Throwing cards away I
Given is an ordered deck of n cards numbered 1 to n with card 1 at the top and card n at the bottom. The following operation is performed as long as there are at least two cards in the deck:
Throw away the top card and move the card that is now on the top of the deck to the bottom of the deck.
Your task is to find the sequence of discarded cards and the last, remaining card.
Input Each line of input (except the last) contains a number n ≤ 50. The last line contains ‘0’ and this line should not be processed.

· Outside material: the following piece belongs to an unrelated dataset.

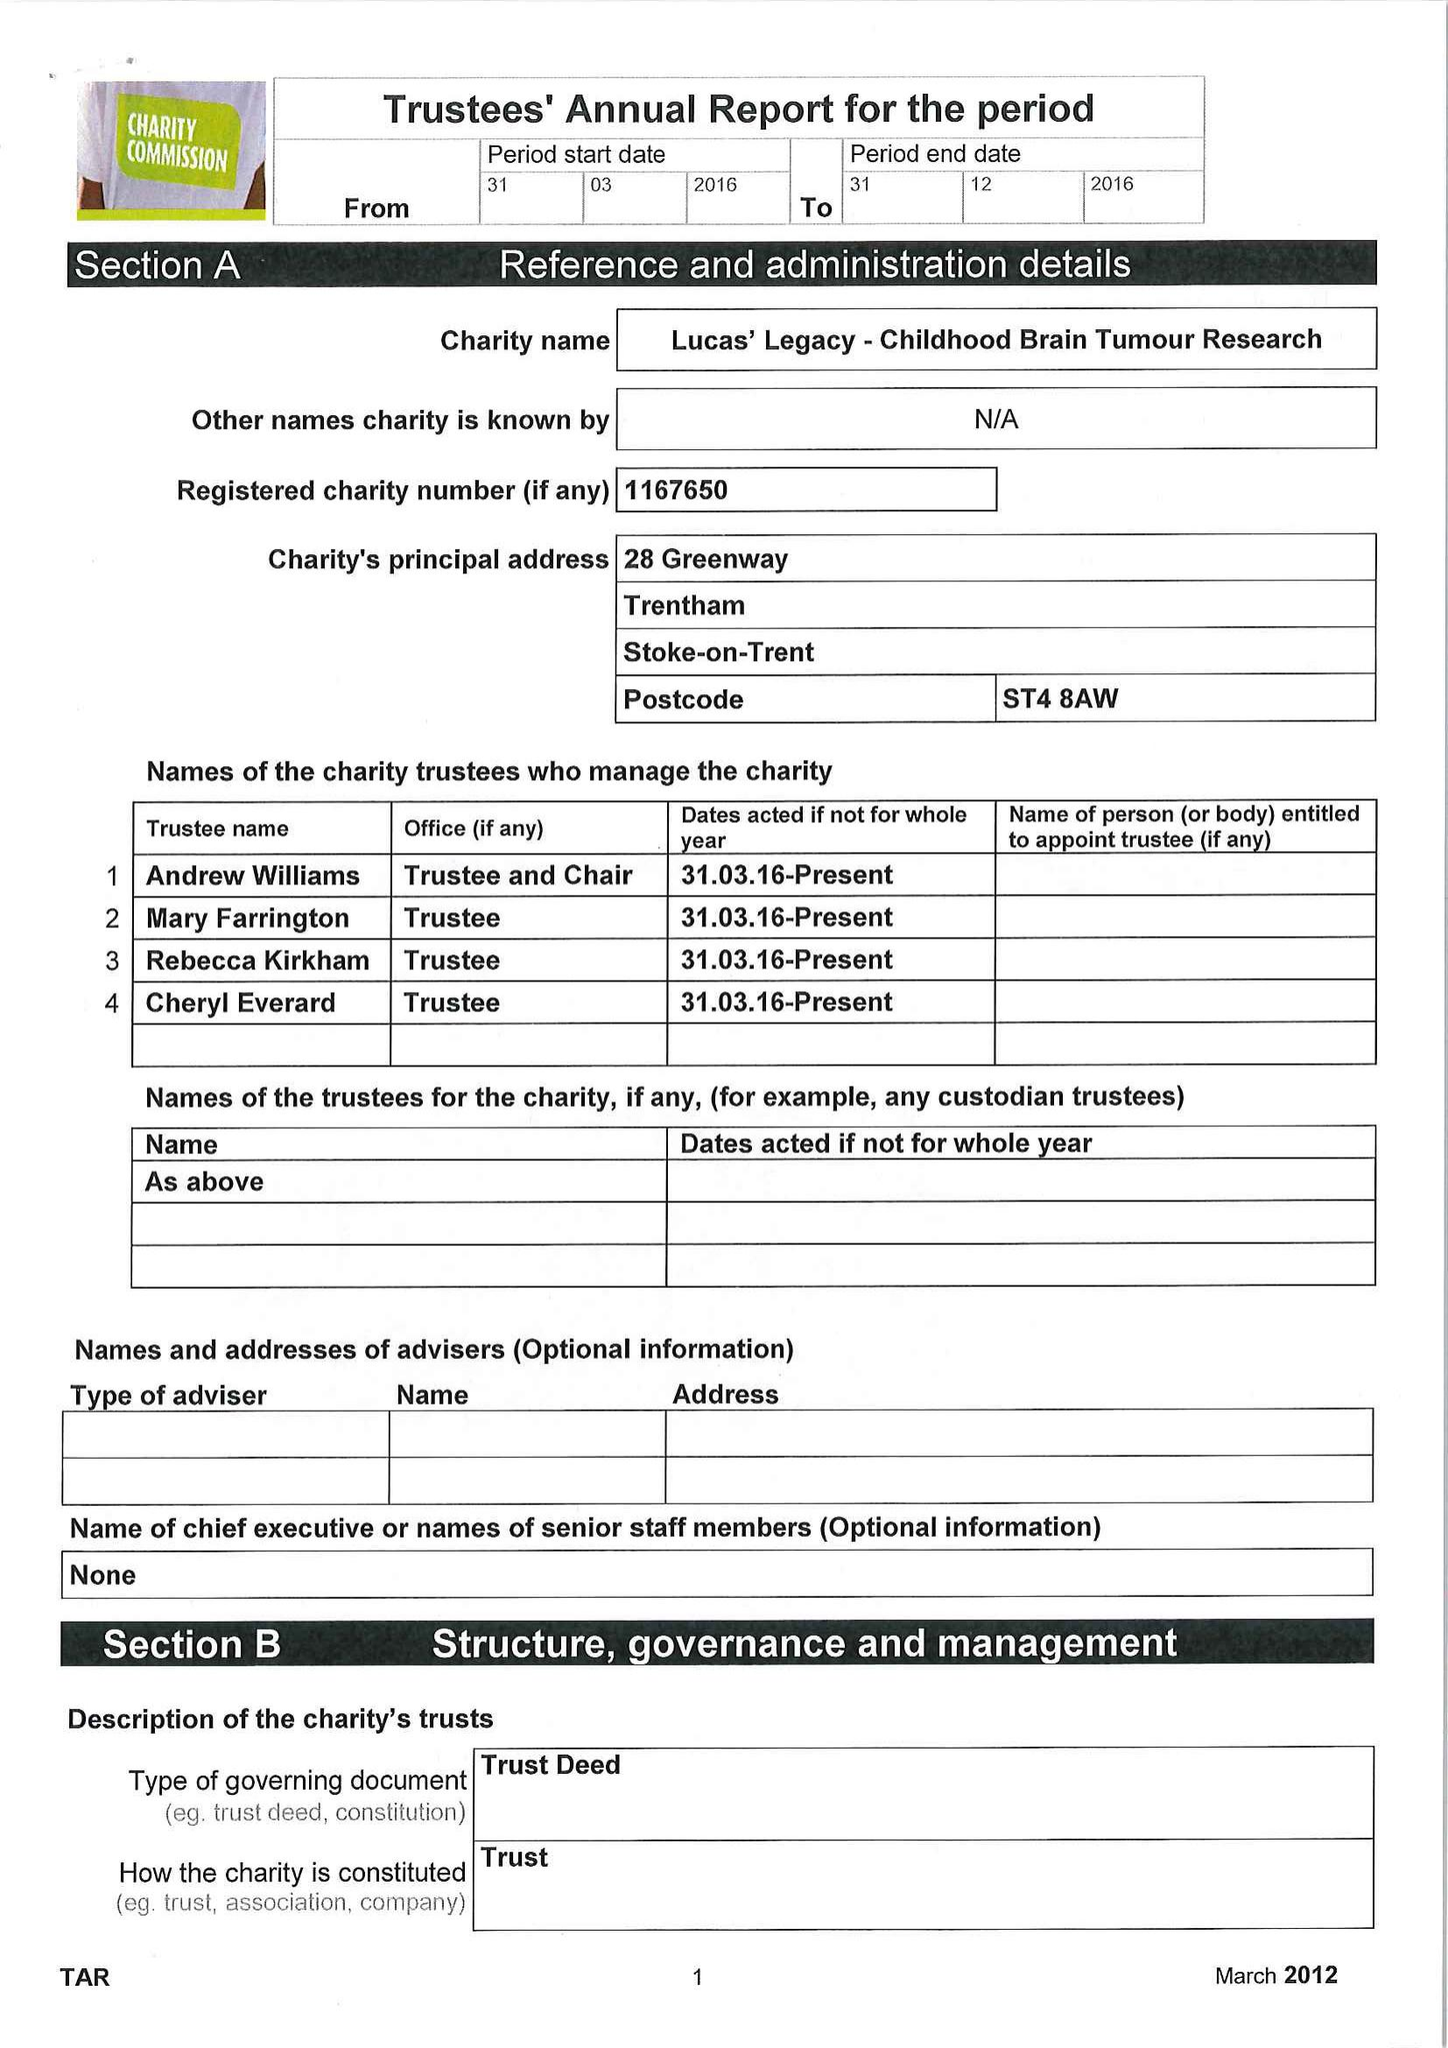What is the value for the report_date?
Answer the question using a single word or phrase. 2016-12-31

Output For each number from the input produce two lines of output. The first line presents the sequence of discarded cards, the second line reports the last remaining card. No line will have leading or trailing spaces. See the sample for the expected format.
Sample Input
7 19 10 6 0
Sample Output
Discarded cards: 1, 3, 5, 7, 4, 2
Remaining card: 6
Discarded cards: 1, 3, 5, 7, 9, 11, 13, 15, 17, 19, 4, 8, 12, 16, 2, 10, 18, 14
Remaining card: 6
Discarded cards: 1, 3, 5, 7, 9, 2, 6, 10, 8
Remaining card: 4
Discarded cards: 1, 3, 5, 2, 6
Remaining card: 4
题目大意:
一副牌完全按顺序排好,然后你要做的就是每次扔掉最前面一张牌,再把此时最前的一张牌放到最后面去,最后输出你扔的那些牌和最后剩下的牌
思路:
典型的队列,用队列模拟就好。
代码:
#include"iostream"
using namespace std;
const int maxn=2600;
int a[maxn];
int n;
void Work()
{
for(int i=1;i<=n;i++)
a[i]=i;
int head=1;
int tail=n;
if(tail==1)
cout<<endl<<"Remaining card: "<<a[head]<<endl;
else
{
cout<<' ';
while(head<tail)
{
cout<<a[head++];
if(head<tail) cout<<", ";
a[++tail]=a[head++];
if(head==tail) {cout<<endl<<"Remaining card: "<<a[head]<<endl;}
}
}
}
int main()
{
while(cin>>n&&n)
{
cout<<"Discarded cards:";
Work();
}
return 0;
}